I am updating the SICER algorithm ( https://github.com/endrebak/epic ) and have added paired end support. The original SICER does not support paired end reads, but for the single end case it reduces each read to a single coordinate, which is the start of the read plus half the fragment size.
I have no paired end ChIP-Seq data myself to try it on, so I might have implemented a too naive paired end mode.

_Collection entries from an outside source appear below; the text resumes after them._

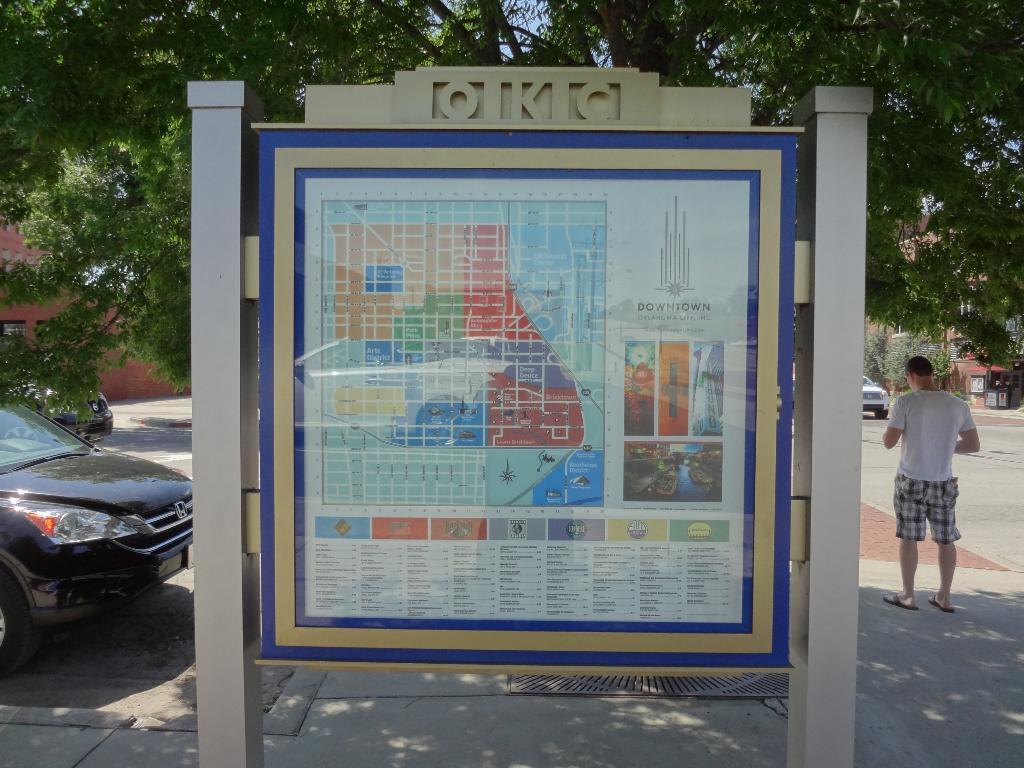Describe this image in one or two sentences. In this image there is a board in between the two poles. In the board there is a map. In the background there are trees. On the left side there is a car on the floor. On the right side there is a person standing on the floor. In the background there is a building. On the right side there is a car on the road. 
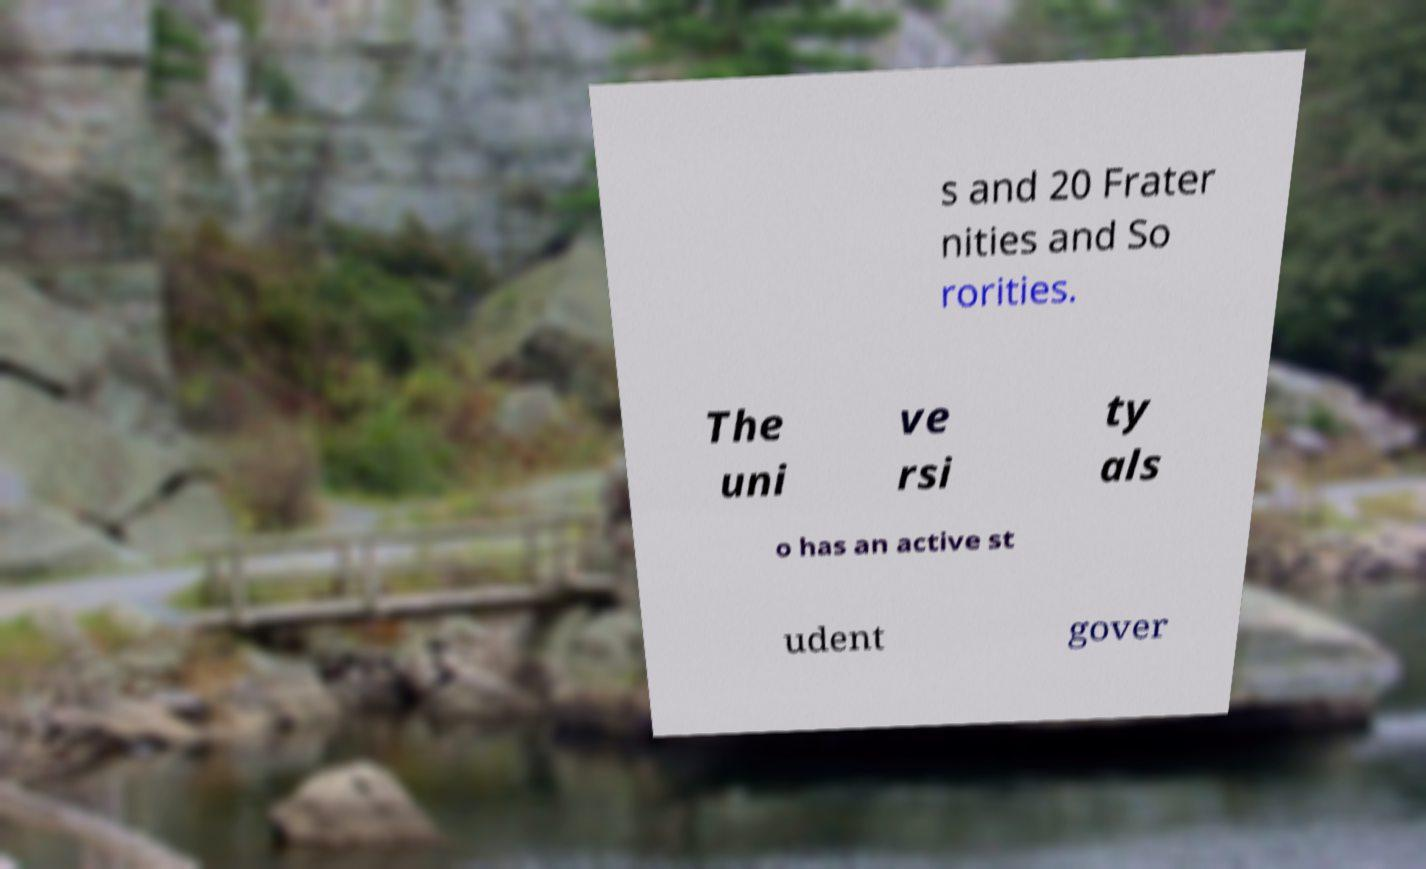Can you accurately transcribe the text from the provided image for me? s and 20 Frater nities and So rorities. The uni ve rsi ty als o has an active st udent gover 
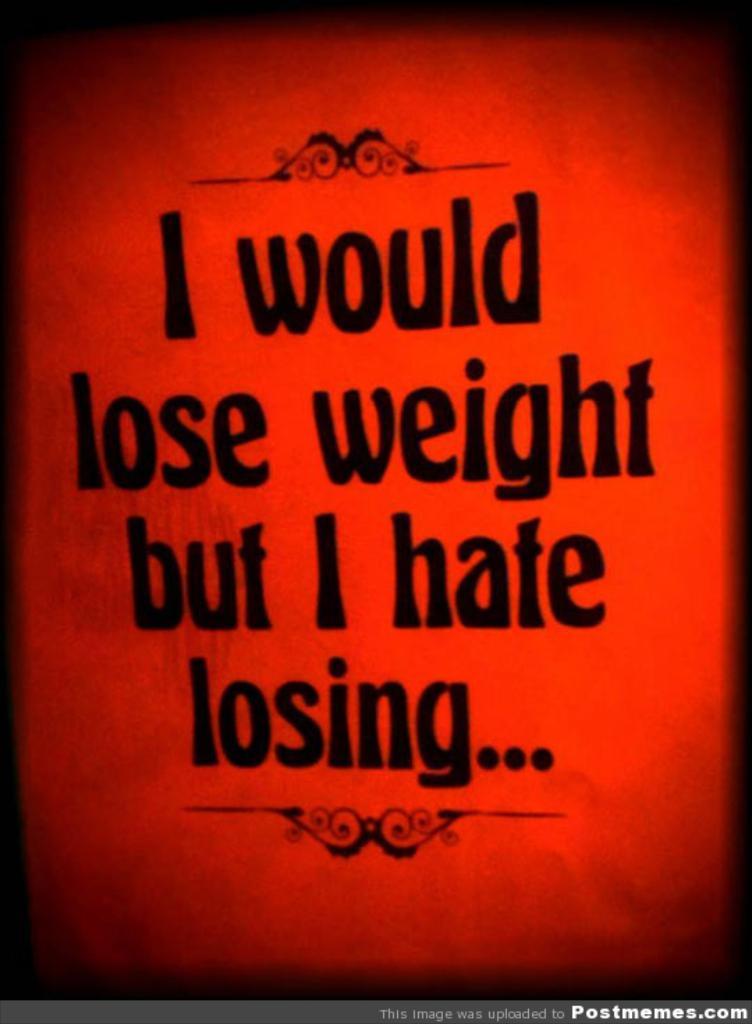What do they hate doing?
Offer a terse response. Losing. What would they lose?
Ensure brevity in your answer.  Weight.

It reduces each paired end read to a point by taking the leftmost and rightmost coordinate of (both the starts and ends of) a pair and finding its midpoint.
So for the (fake) read pair
chr7 20246668 20246669 chr7 20246693 20246694 U0 0 + +
the coordinate is
20246694 + (20246694-20246668)/2 = 20 246 707
It seems like this might lead to a problem though:
If the two mates are very far apart, the midpoint might be in a bad (ie heterochromatic) or uninteresting (ie blacklisted) region.
What is the best way to solve this?
I can think of two solutions, but do not understand all their up- and downsides:
1) Discard read pairs more than say 100 bp apart 2) Treat each mate in a pair as an individual read
I lean towards the first solution since it seems like the paired end libraries my users use contains much much more data than a typical single end library, and doubling that amount seems like it would be a lot of pain (waiting) for little gain (better results).